In July 2012, the New Jersey Office of the State Comptroller (OSC) published a report (on-line here) on towns and school districts that appeared to have been improperly keeping their appointed professionals enrolled in the PERS state pension system despite a 2008 law that required those professionals to be removed from the system.  According to page 7 of its report, the OSC

first obtained data concerning . . . professionals who are providing services to municipalities and school districts (collectively referred to in this report as “local units”) [and] then cross-referenced the names of those professionals with PERS data and developed a list of 332 PERS-enrolled professionals providing such services [that] were retained by 228 different local units.

I then submitted an Open Public Records Act (OPRA) request for the lists of the 228 local units and 332 PERS-enrolled professionals and was denied because disclosure would allegedly violate the professionals’ “reasonable expectation of privacy.”    More information on my OPRA request and the State’s denial is on-line here.

Today, after receiving a lawsuit threat from my lawyer, Richard M. Gutman of Montclair, OSC Records Custodian Robert Shane decided to disclose the list of 228 local units while still suppressing the list of 332 PERS-enrolled professionals.  The list of local units is on-line here.
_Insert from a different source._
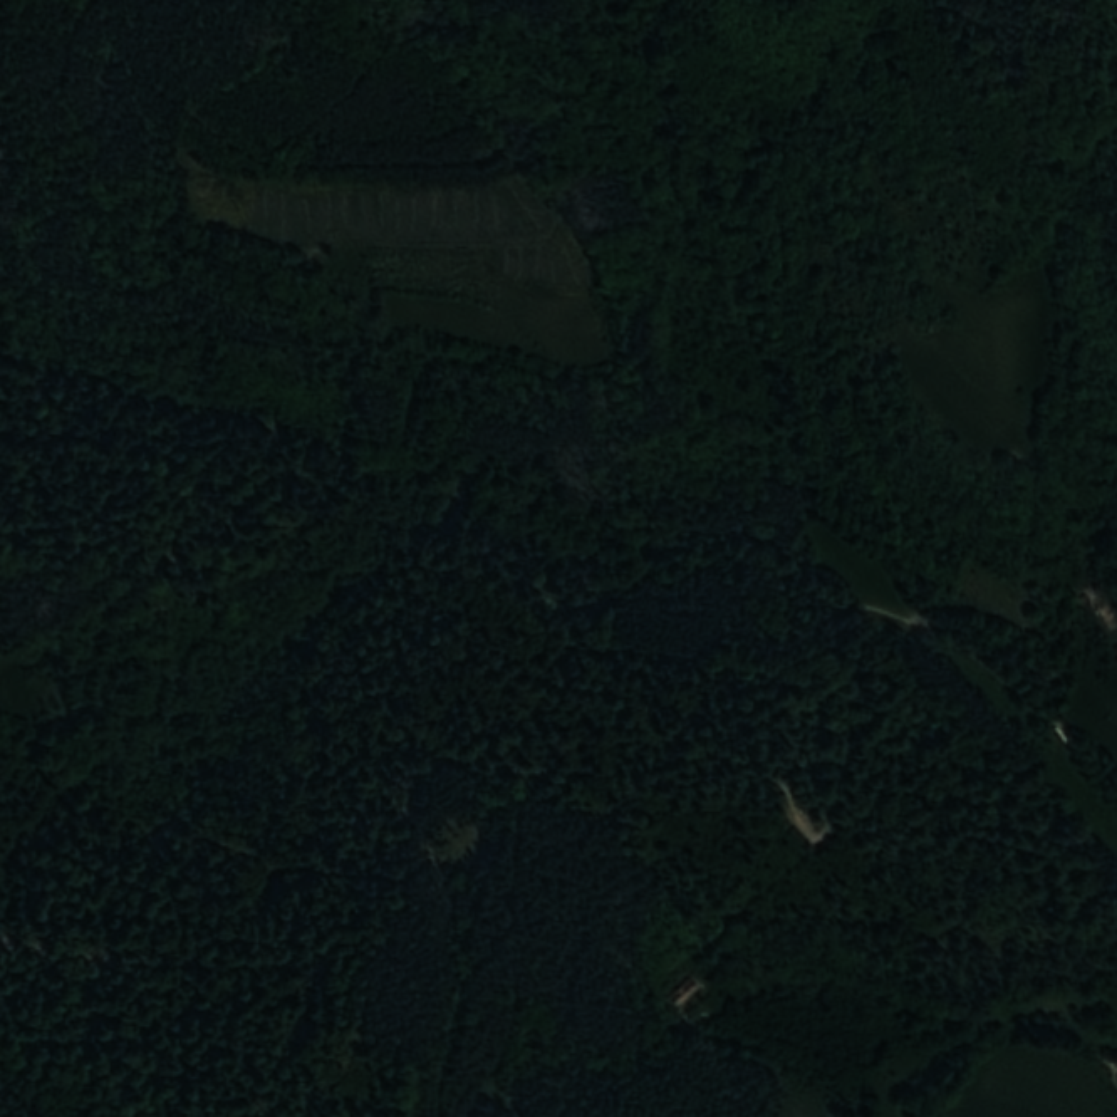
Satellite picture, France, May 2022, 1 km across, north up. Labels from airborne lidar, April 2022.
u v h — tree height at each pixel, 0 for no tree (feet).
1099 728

The list does not identify the county in which each local unit is located.  This makes it impossible to determine whether the “Fairfield” on the list refers to the municipality in Essex or the one in Cumberland County.   And, the presence of a town on this list does not automatically equate to a violation of the PERS or the public trust.  Please consider this list merely as a source of information to aid future research.

Chairman of the New Jersey Libertarian Party's Open Government Advocacy Project. Please send all comments to [email protected]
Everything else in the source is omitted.